Wrapper for the Google Chrome speech synthesis and web speech recognition APIs.

Downloads

7

Readme

babbler

Wrapper for the Google Chrome speech synthesis and web speech recognition APIs.

Why?

Nicer API. Just that. You can very much use the vanilla speech synthesis and speech recognition APIs if you like, this just provides a nicer way to interact with them. The final decision is up to you.

## Use it

It was developed entirely with ES2015 but compiled to ES5 using babel. You will need to import it using something like browserify, webpack, etc.

Babbler exports two functions: speak and recognizer.

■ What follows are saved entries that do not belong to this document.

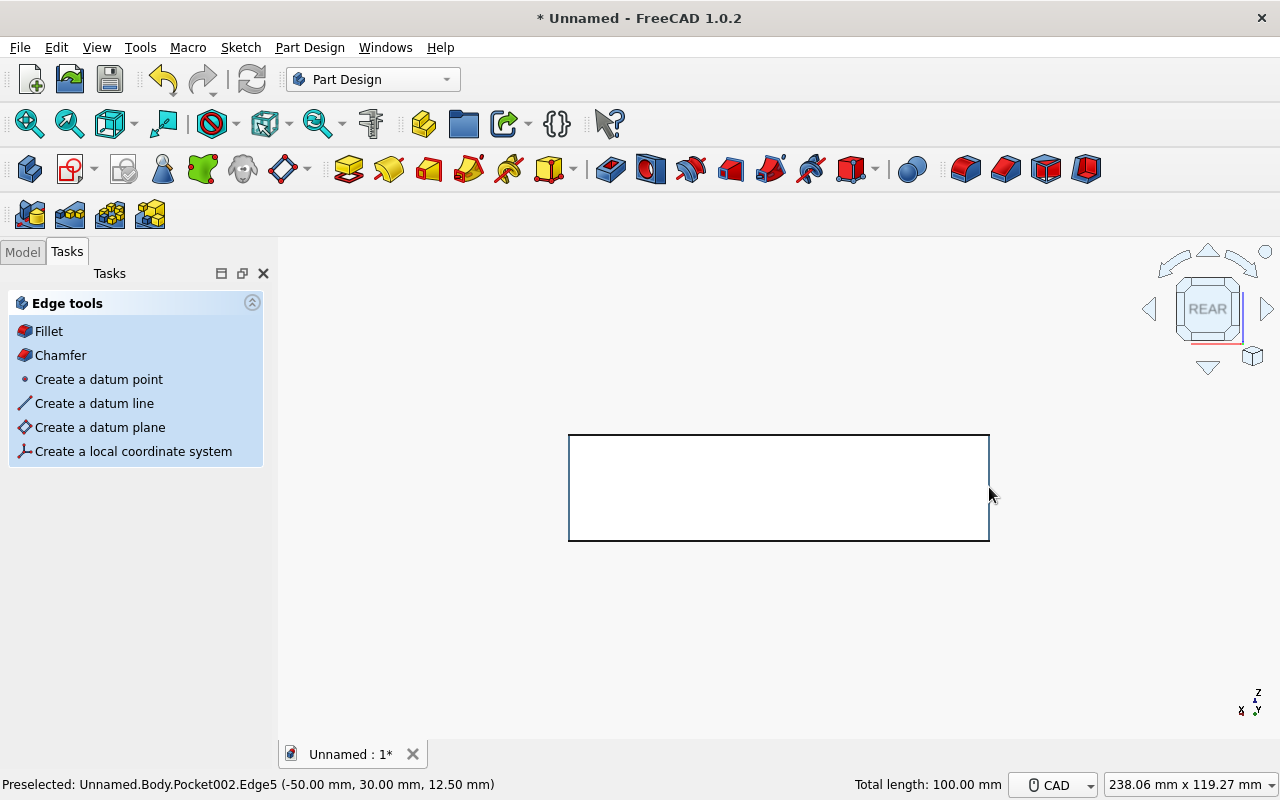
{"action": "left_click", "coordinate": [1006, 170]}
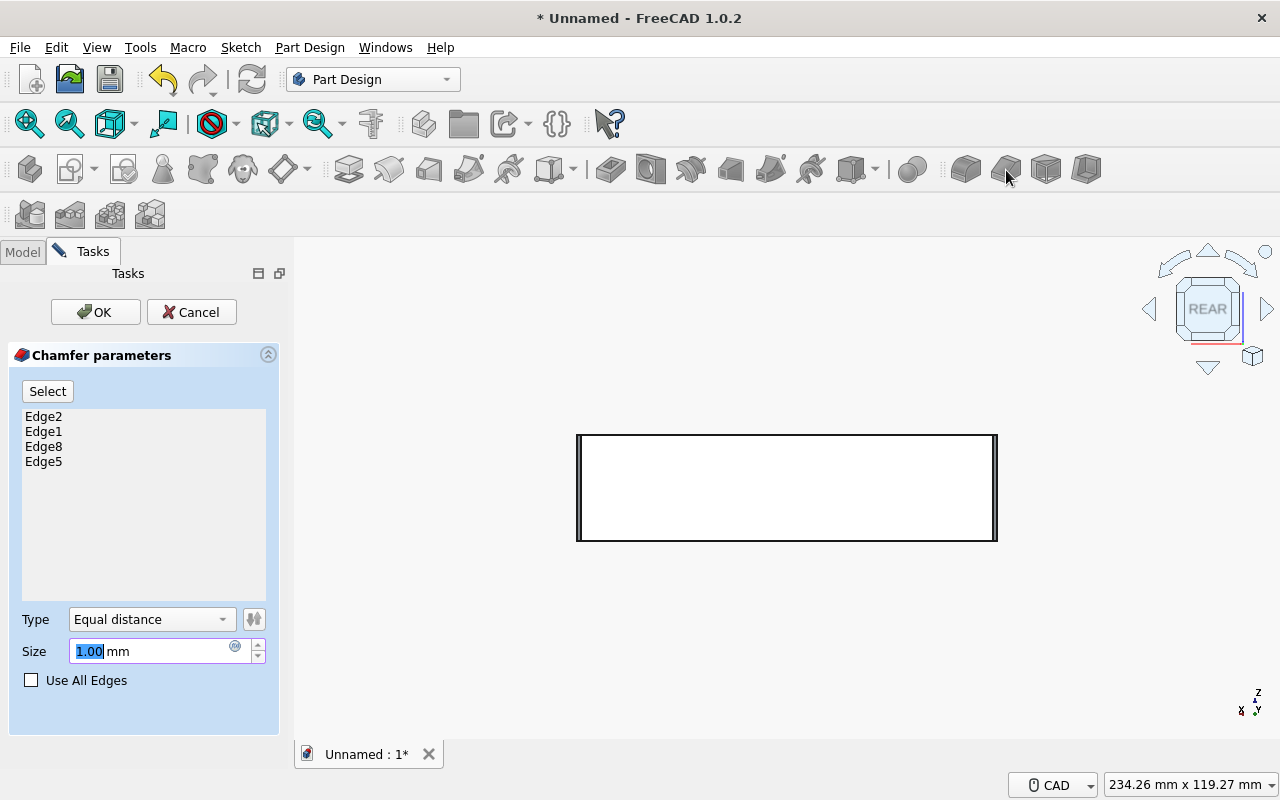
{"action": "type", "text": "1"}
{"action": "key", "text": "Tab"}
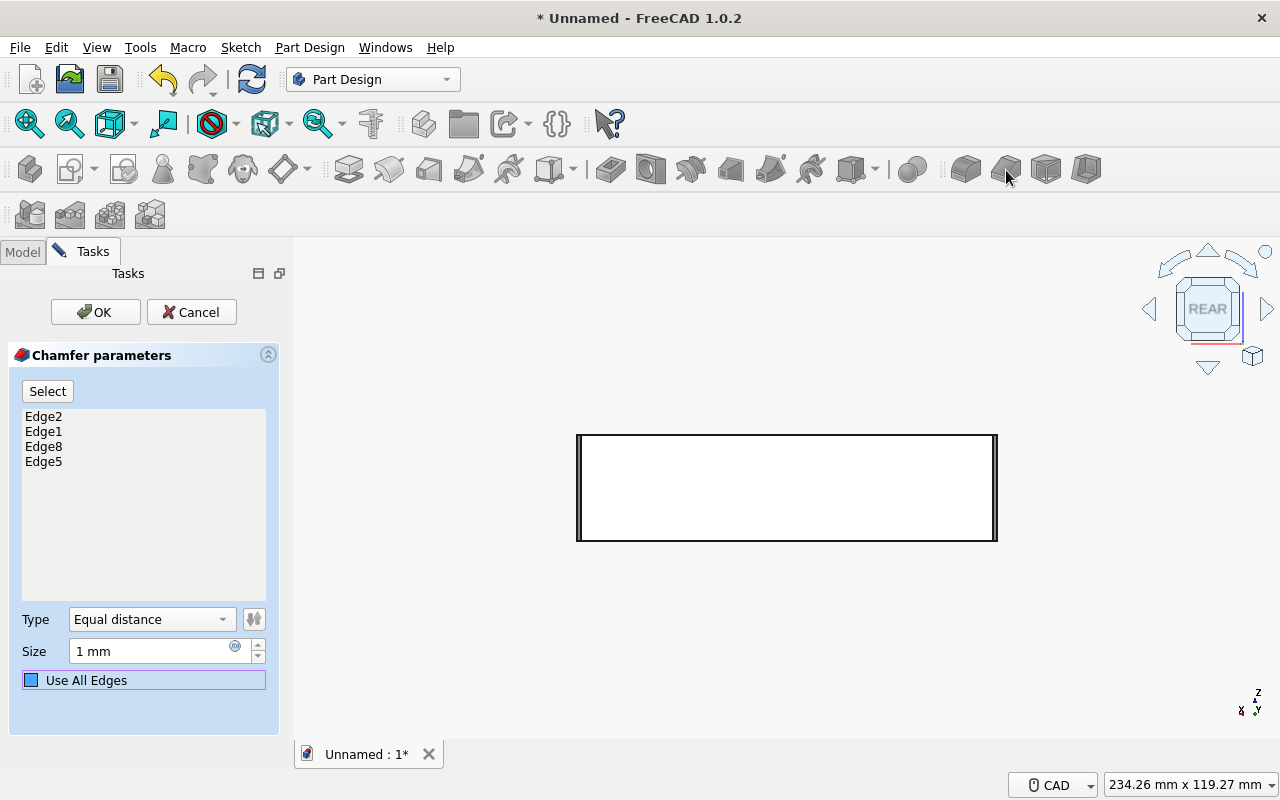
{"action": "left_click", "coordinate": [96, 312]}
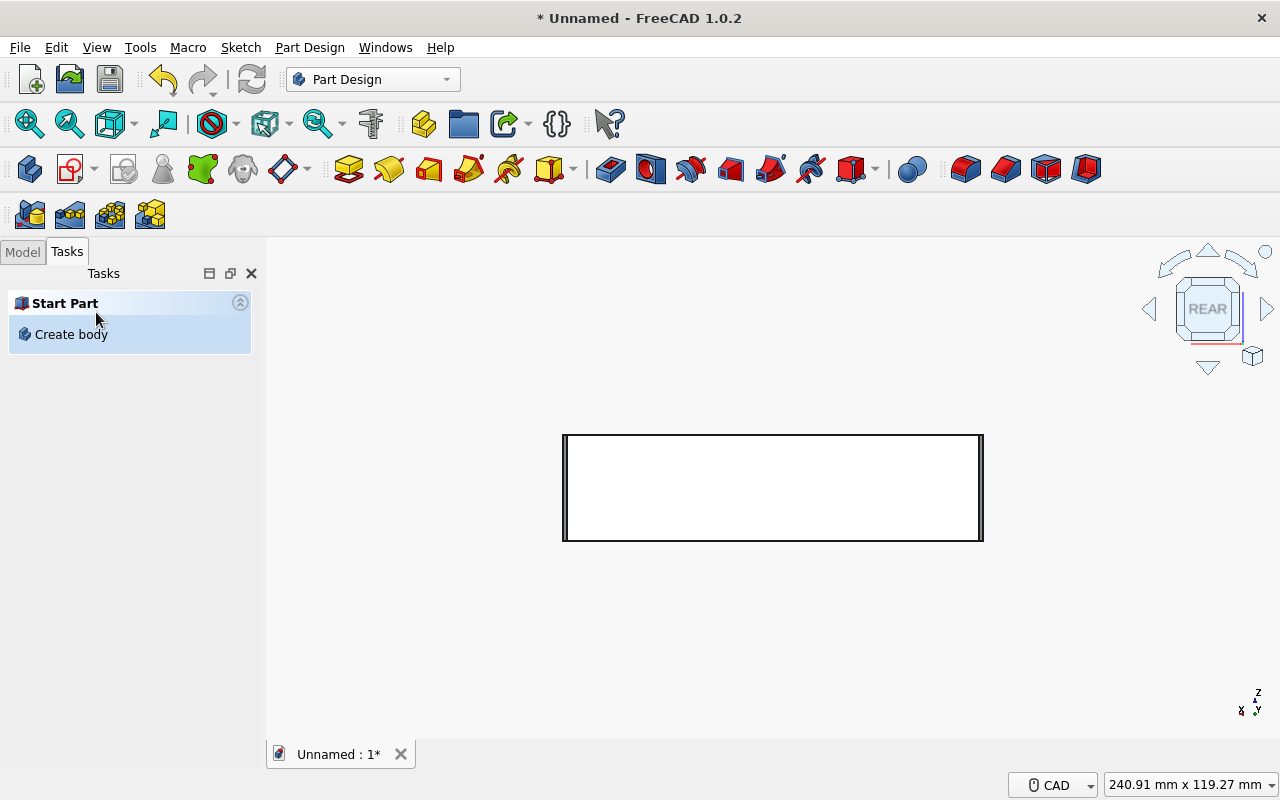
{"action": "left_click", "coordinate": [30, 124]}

It does not import any es6-promise polyfill, that is up to you.

speak

import { speak } from 'babbler';

speak("Hey, it's me!").then(e => {
  console.log('Browser finished speaking!', e);
});

speak takes the string to speak and returns a promise that will be fulfilled when the browser ends speaking. The promise will be rejected if the browser does not support speechSynthesis API.

recognizer

Instances a new speech recognizer.

import { recognizer } from 'babbler';

let r = recognizer({
  onStart(e) {
    // foo
  },

  onEnd(e) {
    // foo
  },

  onResult(e) {
    // foo
  },

  onError(e) {
    // foo
  },

  continuous: false,
  interimResults: false
});

// Start speech recognition
r.start();

// Stop speech recognition
r.stop();

// redefine onStart callback
r.onStart(e => {
  // you can redefine the event handlers
});

// All parameters are optional in the recognizer constructor.
// In fact, you can initialize a default recognizer like this:
let r2 = recognizer();

Tests

By now you must have realized the library has no tests. Why? Because everything would need to be mocked and test how a wrapper behaves with a mock does not make any sense. So don't expect any tests. It's just a wrapper, anyway.